Giulia küsste Aurora auf Lippen, Wangen, Augen. Aurora erwiderte leidenschaftlich, ungeduldig, in Erwartung intimerer Momente.

Ohne die Küsse zu unterbrechen, warfen sie die Kleider ab. Giulia war etwas flinker.

Sie war ganz nackt, Aurora hatte das Kleid abgelegt und fummelte am Korsett.

— Lass mich helfen, sagte Giulia.

Nachdem sie das Korsett abgestreift hatte, kniete sie vor Aurora und zog Strümpfe und Unterhosen aus, küsste dabei Bauch, Schamhügel und Schenkel, die leidenschaftlich bebten.

— Heute erlebst du noch größeres Vergnügen. Ich hab eine Überraschung für dich.

— Welche Überraschung?, fragte Aurora verwundert. Besser als das erste Mal wird’s wohl nicht.

Giulias Zärtlichkeiten erregten Aurora.

— Es gibt Besseres, Süße, und du siehst es heute.

Giulia stand auf und rieb ihren nackten Körper am nackten Körper Auroras, überschüttete sie mit Küssen.

Aurora atmete schwer. Ihre Brust hob sich oft. Auch ich begann langsam, mich zu entkleiden.

— Giulia, Liebes, ich verlier die Kontrolle! Lass uns schnell das Ding anziehen, wie letztes Mal!

— Heute gibt’s ein anderes Ding für dich, besseres.

Giulias Hände waren zwischen Auroras Beinen, die Finger irrten umher und steigerten die Leidenschaft.

— Komm her!

Giulia schob Aurora in mein Arbeitszimmer. Ich war schon nackt, zog leise den Vorhang zurück und stellte mich seitlich der Tür.

Die Tür ging auf.

— Giulia, Liebes, da ist’s dunkel. Lass uns hier, ich fürcht mich da rein!

— Ach, was, meine Schöne! Zitter nicht! Du vertraust mir doch? Keine Angst. Ich schwör, ich will nur Gutes für dich.

Giulia stellte sich in die Tür und stieß Aurora in mein Zimmer. Ich stand im Dunkeln, seitlich der Tür, sah Aurora eintreten.

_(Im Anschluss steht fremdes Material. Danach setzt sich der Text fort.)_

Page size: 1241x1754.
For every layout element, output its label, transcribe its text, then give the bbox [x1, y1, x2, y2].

Giulia schloss die Tür hinter ihr ab. Aurora drehte sich um.

Zitternd vor wilder Ungeduld trat ich zu Aurora und umarmte ihre Schultern. Sie zuckte zusammen vor Überraschung.

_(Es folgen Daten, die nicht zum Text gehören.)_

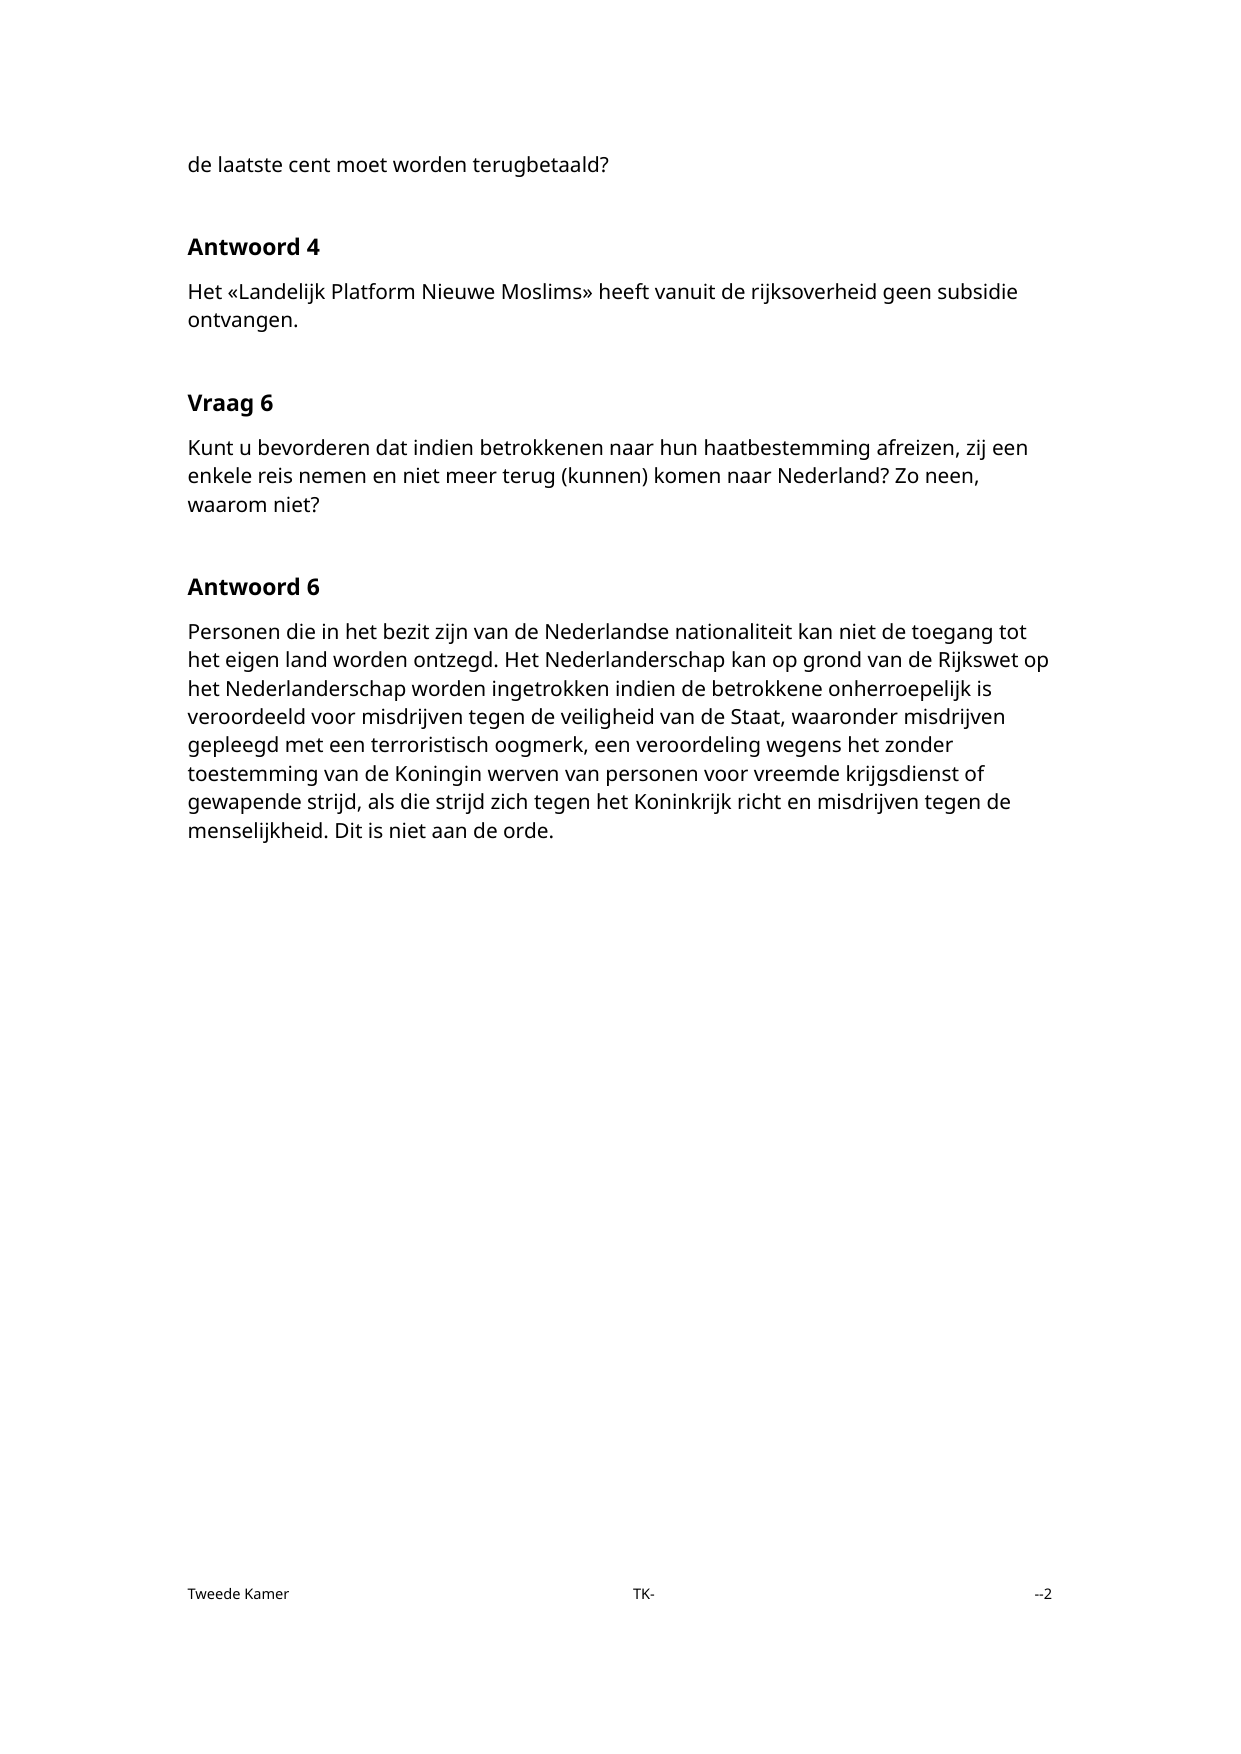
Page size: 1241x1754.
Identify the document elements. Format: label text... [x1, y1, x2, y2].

text Personen die in het bezit zijn van de Nederlandse nationaliteit kan niet de toegang tot het eigen land worden ontzegd. Het Nederlanderschap kan op grond van de Rijkswet op het Nederlanderschap worden ingetrokken indien de betrokkene onherroepelijk is veroordeeld voor misdrijven tegen de veiligheid van de Staat, waaronder misdrijven gepleegd met een terroristisch oogmerk, een veroordeling wegens het zonder toestemming van de Koningin werven van personen voor vreemde krijgsdienst of gewapende strijd, als die strijd zich tegen het Koninkrijk richt en misdrijven tegen de menselijkheid. Dit is niet aan de orde. [187, 617, 1053, 844]
text Het «Landelijk Platform Nieuwe Moslims» heeft vanuit de rijksoverheid geen subsidie ontvangen. [187, 277, 1053, 334]
subtitle Antwoord 6 [187, 571, 1053, 602]
text de laatste cent moet worden terugbetaald? [187, 150, 1053, 178]
subtitle Antwoord 4 [187, 231, 1053, 262]
text Kunt u bevorderen dat indien betrokkenen naar hun haatbestemming afreizen, zij een enkele reis nemen en niet meer terug (kunnen) komen naar Nederland? Zo neen, waarom niet? [187, 433, 1053, 518]
subtitle Vraag 6 [187, 387, 1053, 418]
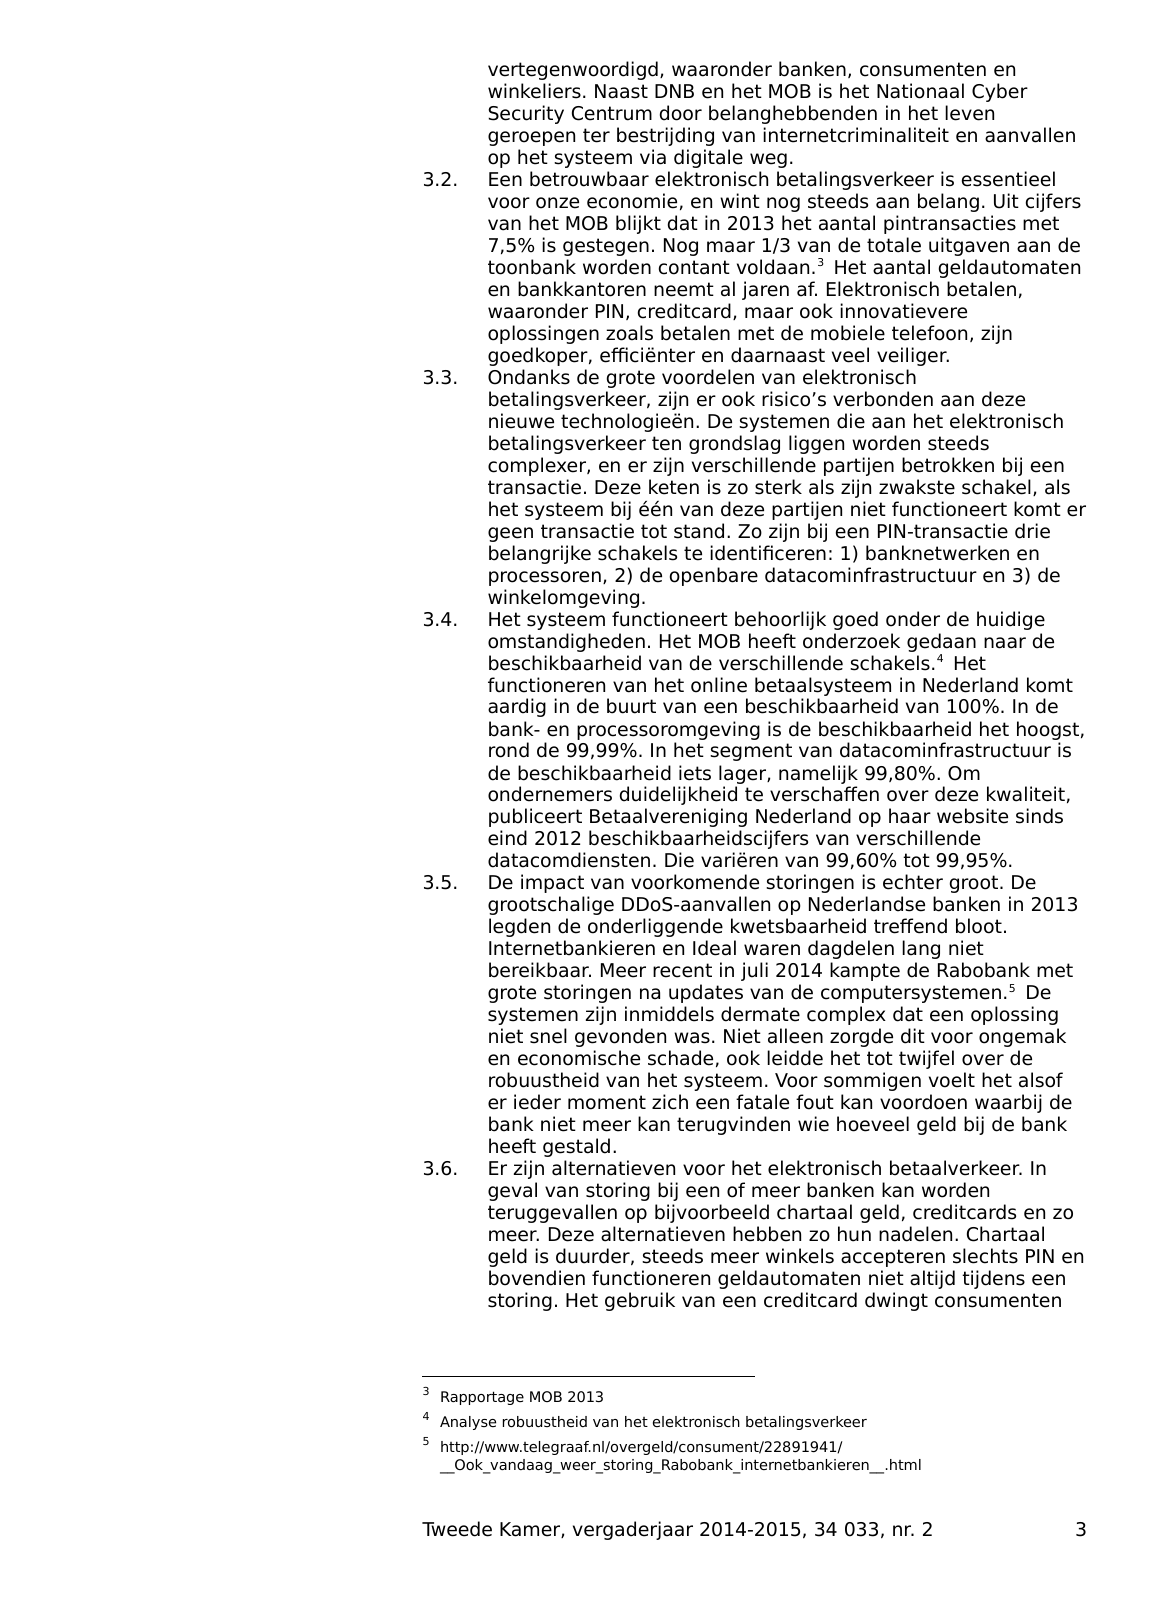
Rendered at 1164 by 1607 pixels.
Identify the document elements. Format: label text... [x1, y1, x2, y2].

text 3.3. Ondanks de grote voordelen van elektronisch betalingsverkeer, zijn er ook risico’s verbonden aan deze nieuwe technologieën. De systemen die aan het elektronisch betalingsverkeer ten grondslag liggen worden steeds complexer, en er zijn verschillende partijen betrokken bij een transactie. Deze keten is zo sterk als zijn zwakste schakel, als het systeem bij één van deze partijen niet functioneert komt er geen transactie tot stand. Zo zijn bij een PIN-transactie drie belangrijke schakels te identificeren: 1) banknetwerken en processoren, 2) de openbare datacominfrastructuur en 3) de winkelomgeving. [422, 367, 1087, 608]
text 3.4. Het systeem functioneert behoorlijk goed onder de huidige omstandigheden. Het MOB heeft onderzoek gedaan naar de beschikbaarheid van de verschillende schakels. Het functioneren van het online betaalsysteem in Nederland komt aardig in de buurt van een beschikbaarheid van 100%. In de bank- en processoromgeving is de beschikbaarheid het hoogst, rond de 99,99%. In het segment van datacominfrastructuur is de beschikbaarheid iets lager, namelijk 99,80%. Om ondernemers duidelijkheid te verschaffen over deze kwaliteit, publiceert Betaalvereniging Nederland op haar website sinds eind 2012 beschikbaarheidscijfers van verschillende datacomdiensten. Die variëren van 99,60% tot 99,95%. [422, 608, 1087, 872]
text http://www.telegraaf.nl/overgeld/consument/22891941/__Ook_vandaag_weer_storing_Rabobank_internetbankieren__.html [422, 1435, 1087, 1474]
text Analyse robuustheid van het elektronisch betalingsverkeer [422, 1410, 1087, 1432]
text 3.6. Er zijn alternatieven voor het elektronisch betaalverkeer. In geval van storing bij een of meer banken kan worden teruggevallen op bijvoorbeeld chartaal geld, creditcards en zo meer. Deze alternatieven hebben zo hun nadelen. Chartaal geld is duurder, steeds meer winkels accepteren slechts PIN en bovendien functioneren geldautomaten niet altijd tijdens een storing. Het gebruik van een creditcard dwingt consumenten [422, 1158, 1087, 1312]
text vertegenwoordigd, waaronder banken, consumenten en winkeliers. Naast DNB en het MOB is het Nationaal Cyber Security Centrum door belanghebbenden in het leven geroepen ter bestrijding van internetcriminaliteit en aanvallen op het systeem via digitale weg. [422, 59, 1087, 169]
text 3.5. De impact van voorkomende storingen is echter groot. De grootschalige DDoS-aanvallen op Nederlandse banken in 2013 legden de onderliggende kwetsbaarheid treffend bloot. Internetbankieren en Ideal waren dagdelen lang niet bereikbaar. Meer recent in juli 2014 kampte de Rabobank met grote storingen na updates van de computersystemen. De systemen zijn inmiddels dermate complex dat een oplossing niet snel gevonden was. Niet alleen zorgde dit voor ongemak en economische schade, ook leidde het tot twijfel over de robuustheid van het systeem. Voor sommigen voelt het alsof er ieder moment zich een fatale fout kan voordoen waarbij de bank niet meer kan terugvinden wie hoeveel geld bij de bank heeft gestald. [422, 872, 1087, 1158]
text 3.2. Een betrouwbaar elektronisch betalingsverkeer is essentieel voor onze economie, en wint nog steeds aan belang. Uit cijfers van het MOB blijkt dat in 2013 het aantal pintransacties met 7,5% is gestegen. Nog maar 1/3 van de totale uitgaven aan de toonbank worden contant voldaan. Het aantal geldautomaten en bankkantoren neemt al jaren af. Elektronisch betalen, waaronder PIN, creditcard, maar ook innovatievere oplossingen zoals betalen met de mobiele telefoon, zijn goedkoper, efficiënter en daarnaast veel veiliger. [422, 169, 1087, 367]
text Rapportage MOB 2013 [422, 1385, 1087, 1407]

— Keine Angst, Mädchen, ich bin Giulias Freund, also auch dein Freund. Ich tu dir nichts Böses! Ich werd dich streicheln!

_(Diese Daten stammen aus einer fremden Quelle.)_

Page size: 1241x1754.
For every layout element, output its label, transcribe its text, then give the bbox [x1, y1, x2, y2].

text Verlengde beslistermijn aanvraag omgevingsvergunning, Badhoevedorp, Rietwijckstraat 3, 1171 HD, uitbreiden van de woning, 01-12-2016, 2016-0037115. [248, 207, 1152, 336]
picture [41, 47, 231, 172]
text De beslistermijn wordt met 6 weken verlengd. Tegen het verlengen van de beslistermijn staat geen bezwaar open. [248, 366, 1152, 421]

Ich drückte mich zart an ihre Nacktheit.

— Umarm mich!

Ich löste ihre Hände von der Brust und zwang sie, mich zu umarmen.

Zuerst küsste ich sie zart, berührte kaum ihre Lippen, dann leidenschaftlich, stark und lang.

Sie keuchte, ihre Hände irrten über meinen Körper. Sie versuchte sich zu befreien, aber ich drückte sie so fest, dass ich spürte, wie ihre straffe Brust fast platzte.

Die Angst wich, sie hörte auf zu zittern. Ich küsste ihre Schultern, Brust, Hals, flüsterte dazwischen:

— Liebes, Süßes, Schönes.

Gespannt wartete sie schweigend. Ich saugte mich an einer Brustwarze fest, hielt sie mit einer Hand am Rücken, strich mit der zweiten über Bauch, Hüften, Po, glitt flink zwischen ihre Beine, und sie gab nach.

Sie zitterte, aber nicht vor Angst, sondern vor Verlangen, schnell dorthin, zwischen die Beine.

Da war’s warm und feucht – die Natur forderte ihr Recht. Als sie meine Hand spürte, presste sie die Beine zusammen, ich ergriff mit dem Mund ihre Lippen und suchte mit der Zunge ihre Zunge.

Ich hob sie hoch, legte sie auf das Sofa, küsste sie wieder von den Brüsten bis zu den Knien, kitzelte mit der Zunge die empfindlichsten Stellen des weiblichen Körpers.

Sie lag reglos, nur das schnelle Atmen verriet ihre Leidenschaft.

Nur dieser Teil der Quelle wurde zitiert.